##### Input

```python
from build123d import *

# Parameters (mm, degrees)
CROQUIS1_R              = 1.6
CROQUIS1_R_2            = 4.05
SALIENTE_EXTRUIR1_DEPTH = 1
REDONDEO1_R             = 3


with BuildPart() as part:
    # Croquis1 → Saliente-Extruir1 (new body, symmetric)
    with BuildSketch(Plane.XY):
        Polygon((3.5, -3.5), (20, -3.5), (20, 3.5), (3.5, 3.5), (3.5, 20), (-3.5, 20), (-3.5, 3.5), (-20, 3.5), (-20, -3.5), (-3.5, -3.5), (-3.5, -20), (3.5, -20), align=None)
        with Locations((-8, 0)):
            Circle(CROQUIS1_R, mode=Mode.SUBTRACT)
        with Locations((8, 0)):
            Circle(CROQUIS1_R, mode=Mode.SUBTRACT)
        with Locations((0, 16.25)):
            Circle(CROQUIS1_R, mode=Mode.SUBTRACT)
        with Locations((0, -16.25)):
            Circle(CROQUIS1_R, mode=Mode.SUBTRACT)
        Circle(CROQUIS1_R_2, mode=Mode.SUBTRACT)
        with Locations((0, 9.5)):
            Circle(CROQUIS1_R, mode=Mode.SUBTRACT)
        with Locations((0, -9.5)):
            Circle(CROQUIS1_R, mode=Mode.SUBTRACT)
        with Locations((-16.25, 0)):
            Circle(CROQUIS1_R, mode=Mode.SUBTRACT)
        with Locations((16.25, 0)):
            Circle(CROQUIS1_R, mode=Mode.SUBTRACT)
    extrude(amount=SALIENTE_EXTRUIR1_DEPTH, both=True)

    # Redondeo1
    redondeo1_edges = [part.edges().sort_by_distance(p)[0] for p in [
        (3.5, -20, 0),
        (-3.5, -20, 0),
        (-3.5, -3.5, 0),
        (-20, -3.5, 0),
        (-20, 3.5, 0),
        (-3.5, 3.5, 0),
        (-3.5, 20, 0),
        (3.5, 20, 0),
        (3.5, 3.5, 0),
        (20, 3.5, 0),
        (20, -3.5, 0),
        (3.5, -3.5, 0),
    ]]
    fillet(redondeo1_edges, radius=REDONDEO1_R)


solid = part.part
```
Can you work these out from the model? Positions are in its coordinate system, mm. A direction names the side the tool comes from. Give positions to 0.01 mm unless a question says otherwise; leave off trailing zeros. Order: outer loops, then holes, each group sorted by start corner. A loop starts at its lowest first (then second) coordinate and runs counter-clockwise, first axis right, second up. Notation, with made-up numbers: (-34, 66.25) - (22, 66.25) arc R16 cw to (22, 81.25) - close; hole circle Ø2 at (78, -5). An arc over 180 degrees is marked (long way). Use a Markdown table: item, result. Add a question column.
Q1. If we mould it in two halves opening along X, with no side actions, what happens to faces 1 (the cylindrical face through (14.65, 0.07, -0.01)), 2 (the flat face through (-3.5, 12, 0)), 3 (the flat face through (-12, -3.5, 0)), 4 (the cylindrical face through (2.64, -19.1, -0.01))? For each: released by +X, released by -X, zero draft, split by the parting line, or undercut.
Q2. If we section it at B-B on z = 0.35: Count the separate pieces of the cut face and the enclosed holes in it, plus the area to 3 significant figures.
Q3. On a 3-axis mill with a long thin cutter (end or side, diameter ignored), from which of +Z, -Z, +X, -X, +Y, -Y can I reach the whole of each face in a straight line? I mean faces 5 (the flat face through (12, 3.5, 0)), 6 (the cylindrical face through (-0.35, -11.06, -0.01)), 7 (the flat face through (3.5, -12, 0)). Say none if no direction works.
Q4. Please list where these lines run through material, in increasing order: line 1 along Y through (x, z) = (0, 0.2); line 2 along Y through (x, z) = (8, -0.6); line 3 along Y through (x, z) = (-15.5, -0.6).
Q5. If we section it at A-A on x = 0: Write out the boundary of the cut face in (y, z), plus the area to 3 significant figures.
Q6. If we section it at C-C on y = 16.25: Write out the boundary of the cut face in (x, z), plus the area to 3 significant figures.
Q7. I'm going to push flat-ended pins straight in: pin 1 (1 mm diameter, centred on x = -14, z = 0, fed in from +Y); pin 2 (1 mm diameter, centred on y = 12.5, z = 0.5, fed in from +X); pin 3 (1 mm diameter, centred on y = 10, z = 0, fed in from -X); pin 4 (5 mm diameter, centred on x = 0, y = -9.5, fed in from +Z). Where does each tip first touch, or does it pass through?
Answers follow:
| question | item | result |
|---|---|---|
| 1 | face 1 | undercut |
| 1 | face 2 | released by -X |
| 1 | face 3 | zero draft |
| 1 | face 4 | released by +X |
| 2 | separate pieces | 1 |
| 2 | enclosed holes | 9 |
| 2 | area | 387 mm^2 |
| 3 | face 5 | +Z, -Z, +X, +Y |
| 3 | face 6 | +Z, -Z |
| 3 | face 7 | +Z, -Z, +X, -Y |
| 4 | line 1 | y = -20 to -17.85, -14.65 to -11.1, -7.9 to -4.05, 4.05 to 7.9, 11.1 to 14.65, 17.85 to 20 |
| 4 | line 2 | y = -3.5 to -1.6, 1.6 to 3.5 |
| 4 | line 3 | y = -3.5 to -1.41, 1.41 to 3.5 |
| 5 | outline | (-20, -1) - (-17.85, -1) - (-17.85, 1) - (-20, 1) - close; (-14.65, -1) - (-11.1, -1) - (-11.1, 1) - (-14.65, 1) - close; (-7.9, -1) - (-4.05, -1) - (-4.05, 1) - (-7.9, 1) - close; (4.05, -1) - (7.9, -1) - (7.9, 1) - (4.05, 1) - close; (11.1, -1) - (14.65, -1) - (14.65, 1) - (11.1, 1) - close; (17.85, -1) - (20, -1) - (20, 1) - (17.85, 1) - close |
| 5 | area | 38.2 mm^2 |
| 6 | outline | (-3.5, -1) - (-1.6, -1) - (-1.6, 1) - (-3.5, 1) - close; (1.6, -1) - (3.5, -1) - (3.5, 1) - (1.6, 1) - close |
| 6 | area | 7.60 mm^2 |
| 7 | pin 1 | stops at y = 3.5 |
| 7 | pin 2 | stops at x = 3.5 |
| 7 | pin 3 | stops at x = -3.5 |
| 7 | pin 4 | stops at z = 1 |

##########

**Work to complete:** Whenever the word "Locations" occurs in a line above, copy that line.

**Finished exercise:**
        with Locations((-8, 0)):
        with Locations((8, 0)):
        with Locations((0, 16.25)):
        with Locations((0, -16.25)):
        with Locations((0, 9.5)):
        with Locations((0, -9.5)):
        with Locations((-16.25, 0)):
        with Locations((16.25, 0)):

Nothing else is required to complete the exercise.